Pioneer heroes is the term used to refer to Soviet pioneers who made feats in the years of the establishment of Soviet power and the Great Patriotic War.

The images of pioneer heroes were actively used in the Soviet Union as examples of high morals. The official list of pioneer heroes was issued in 1954  with the compilation of the Book of Honor of the Vladimir Lenin All-Union Pioneer Organization; The books of honor of local pioneer organizations joined it.
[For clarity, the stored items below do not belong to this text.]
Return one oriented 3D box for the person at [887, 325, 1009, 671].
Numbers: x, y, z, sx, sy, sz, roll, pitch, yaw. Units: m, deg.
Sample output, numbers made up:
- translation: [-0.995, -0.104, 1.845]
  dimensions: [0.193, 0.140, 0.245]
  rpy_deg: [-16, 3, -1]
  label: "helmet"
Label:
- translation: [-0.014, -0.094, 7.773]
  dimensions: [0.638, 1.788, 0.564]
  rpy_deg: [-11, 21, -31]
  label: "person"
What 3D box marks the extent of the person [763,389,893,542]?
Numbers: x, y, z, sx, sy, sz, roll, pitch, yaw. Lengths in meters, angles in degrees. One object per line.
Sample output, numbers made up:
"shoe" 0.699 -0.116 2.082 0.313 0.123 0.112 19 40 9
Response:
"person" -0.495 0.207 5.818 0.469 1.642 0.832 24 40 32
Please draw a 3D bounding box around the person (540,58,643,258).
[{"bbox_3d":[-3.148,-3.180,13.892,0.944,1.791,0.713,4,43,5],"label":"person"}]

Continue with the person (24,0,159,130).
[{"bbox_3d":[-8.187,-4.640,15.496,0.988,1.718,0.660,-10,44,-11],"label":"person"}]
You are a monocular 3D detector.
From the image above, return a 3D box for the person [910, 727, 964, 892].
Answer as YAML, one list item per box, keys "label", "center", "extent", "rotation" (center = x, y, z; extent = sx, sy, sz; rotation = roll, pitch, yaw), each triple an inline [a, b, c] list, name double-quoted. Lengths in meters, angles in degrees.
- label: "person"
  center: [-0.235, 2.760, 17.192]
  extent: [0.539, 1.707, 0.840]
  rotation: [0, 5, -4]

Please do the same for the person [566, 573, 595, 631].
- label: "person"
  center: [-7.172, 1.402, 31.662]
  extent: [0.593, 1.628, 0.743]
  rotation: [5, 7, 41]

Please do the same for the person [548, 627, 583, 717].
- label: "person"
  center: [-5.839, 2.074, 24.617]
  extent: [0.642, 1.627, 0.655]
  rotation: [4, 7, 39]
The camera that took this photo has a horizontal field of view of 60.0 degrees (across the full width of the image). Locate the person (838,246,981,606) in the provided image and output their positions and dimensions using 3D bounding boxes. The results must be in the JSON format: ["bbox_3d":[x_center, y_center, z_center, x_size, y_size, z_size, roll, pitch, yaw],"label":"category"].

Pioneer heroes before the Second World War

The first mention of pioneers-heroes appears in 1920. The press began to publish newspaper notes about the exploits of young "fighters against the class enemy",  especially Pavlik Morozov. At the XII Congress of the Komsomol in 1954, the Book of Honor of the Vladimir Lenin All-Union Pioneer Organization was created. Morozov was the first in this book, according to the official version, bravely exposing the crimes of kulaks against Soviet power and killed by them. The second one was Kolya Myagotin, also killed by class enemies. The art description of some of the pioneers, in particular Pavlik Morozov, Grisha Aakopyan  and some others included in the "Book of Honor of the All-Union Pioneer Organization" until 1941 is not true. Morozov, according to Yuri Druzhnikov was never a pioneer, and other heroes of the 1930s who were killed by class enemies: Kolya Myagotin, Grisha Akopyan (completely fictional character).